__PROVIDED DATA__:
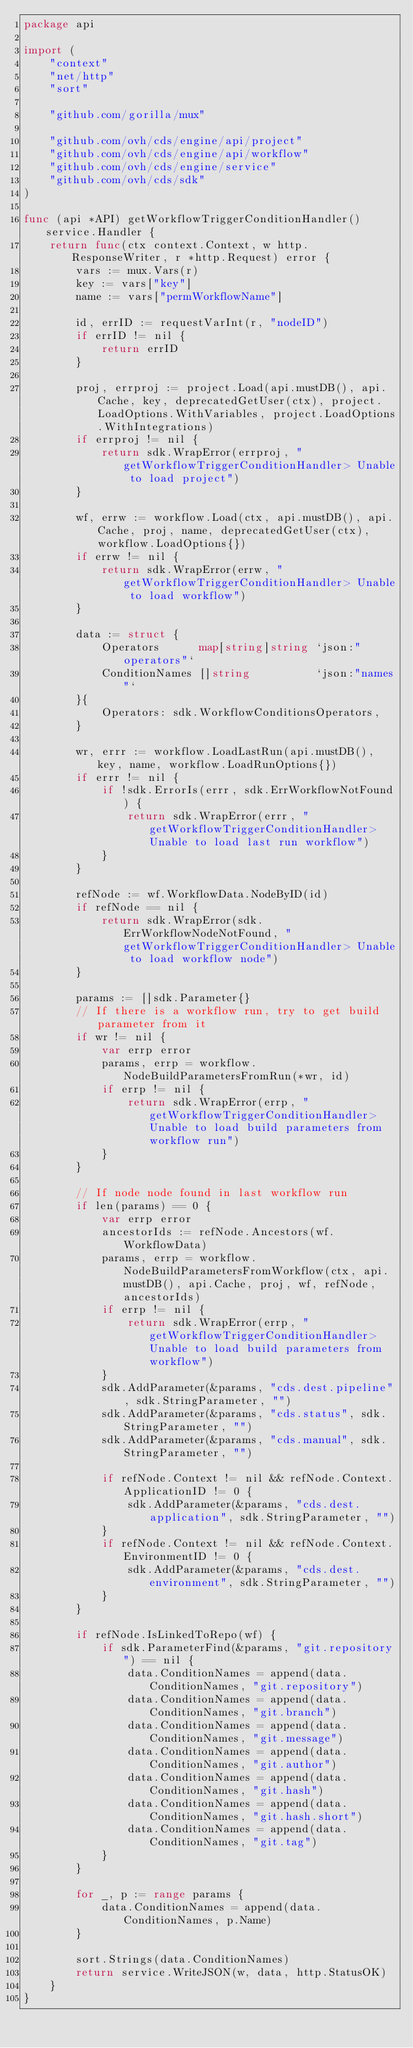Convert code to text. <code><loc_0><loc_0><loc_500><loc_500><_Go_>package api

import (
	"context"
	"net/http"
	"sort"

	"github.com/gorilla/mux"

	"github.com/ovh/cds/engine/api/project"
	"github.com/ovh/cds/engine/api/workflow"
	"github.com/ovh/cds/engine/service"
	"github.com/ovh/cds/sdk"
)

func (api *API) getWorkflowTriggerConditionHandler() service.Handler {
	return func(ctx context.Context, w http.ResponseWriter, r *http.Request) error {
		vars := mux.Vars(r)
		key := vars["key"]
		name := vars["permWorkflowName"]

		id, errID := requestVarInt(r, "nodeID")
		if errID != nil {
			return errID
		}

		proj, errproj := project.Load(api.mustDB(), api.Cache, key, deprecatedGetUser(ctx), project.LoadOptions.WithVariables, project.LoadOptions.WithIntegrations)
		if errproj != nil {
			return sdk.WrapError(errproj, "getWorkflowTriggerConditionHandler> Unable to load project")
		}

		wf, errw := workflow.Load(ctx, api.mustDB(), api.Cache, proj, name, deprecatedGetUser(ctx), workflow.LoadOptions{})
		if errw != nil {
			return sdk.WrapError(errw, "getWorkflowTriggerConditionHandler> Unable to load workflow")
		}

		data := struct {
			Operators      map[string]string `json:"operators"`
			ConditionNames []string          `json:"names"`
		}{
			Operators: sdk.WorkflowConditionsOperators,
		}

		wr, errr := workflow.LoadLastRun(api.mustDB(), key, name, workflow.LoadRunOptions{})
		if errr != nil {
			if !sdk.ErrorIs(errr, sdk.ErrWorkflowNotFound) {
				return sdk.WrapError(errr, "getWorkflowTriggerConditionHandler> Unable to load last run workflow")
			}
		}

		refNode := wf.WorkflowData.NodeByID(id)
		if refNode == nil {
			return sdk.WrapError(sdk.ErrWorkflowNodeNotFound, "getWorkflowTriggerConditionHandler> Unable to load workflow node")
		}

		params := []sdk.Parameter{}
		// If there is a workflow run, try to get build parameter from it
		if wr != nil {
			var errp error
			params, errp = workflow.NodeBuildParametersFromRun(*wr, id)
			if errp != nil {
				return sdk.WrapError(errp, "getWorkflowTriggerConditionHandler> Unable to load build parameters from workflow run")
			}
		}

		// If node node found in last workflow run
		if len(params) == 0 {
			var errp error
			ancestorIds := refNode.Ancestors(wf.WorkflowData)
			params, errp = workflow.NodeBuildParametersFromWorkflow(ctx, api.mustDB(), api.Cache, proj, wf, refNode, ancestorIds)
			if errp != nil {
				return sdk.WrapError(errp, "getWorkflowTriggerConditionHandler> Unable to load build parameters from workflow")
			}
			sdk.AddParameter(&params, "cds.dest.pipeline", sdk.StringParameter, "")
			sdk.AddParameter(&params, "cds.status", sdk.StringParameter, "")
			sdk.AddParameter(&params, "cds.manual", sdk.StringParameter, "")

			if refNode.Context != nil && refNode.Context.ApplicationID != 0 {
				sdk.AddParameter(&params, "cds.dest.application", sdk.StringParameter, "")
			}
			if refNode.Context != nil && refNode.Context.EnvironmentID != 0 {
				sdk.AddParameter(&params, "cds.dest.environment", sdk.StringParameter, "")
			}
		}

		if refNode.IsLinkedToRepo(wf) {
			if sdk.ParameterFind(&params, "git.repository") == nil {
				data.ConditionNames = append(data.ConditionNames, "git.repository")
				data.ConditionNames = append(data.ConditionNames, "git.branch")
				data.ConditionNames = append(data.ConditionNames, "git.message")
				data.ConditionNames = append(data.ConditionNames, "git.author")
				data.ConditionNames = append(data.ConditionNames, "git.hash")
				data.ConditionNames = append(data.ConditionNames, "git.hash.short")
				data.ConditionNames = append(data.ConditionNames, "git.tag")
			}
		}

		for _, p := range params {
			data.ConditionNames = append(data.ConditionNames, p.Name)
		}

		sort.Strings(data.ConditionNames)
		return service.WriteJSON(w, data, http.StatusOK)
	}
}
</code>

__WHAT TO DO__:
Show, from the material above, each line that includes the string "sort".

__EXERCISE RESPONSE__:
	"sort"
		sort.Strings(data.ConditionNames)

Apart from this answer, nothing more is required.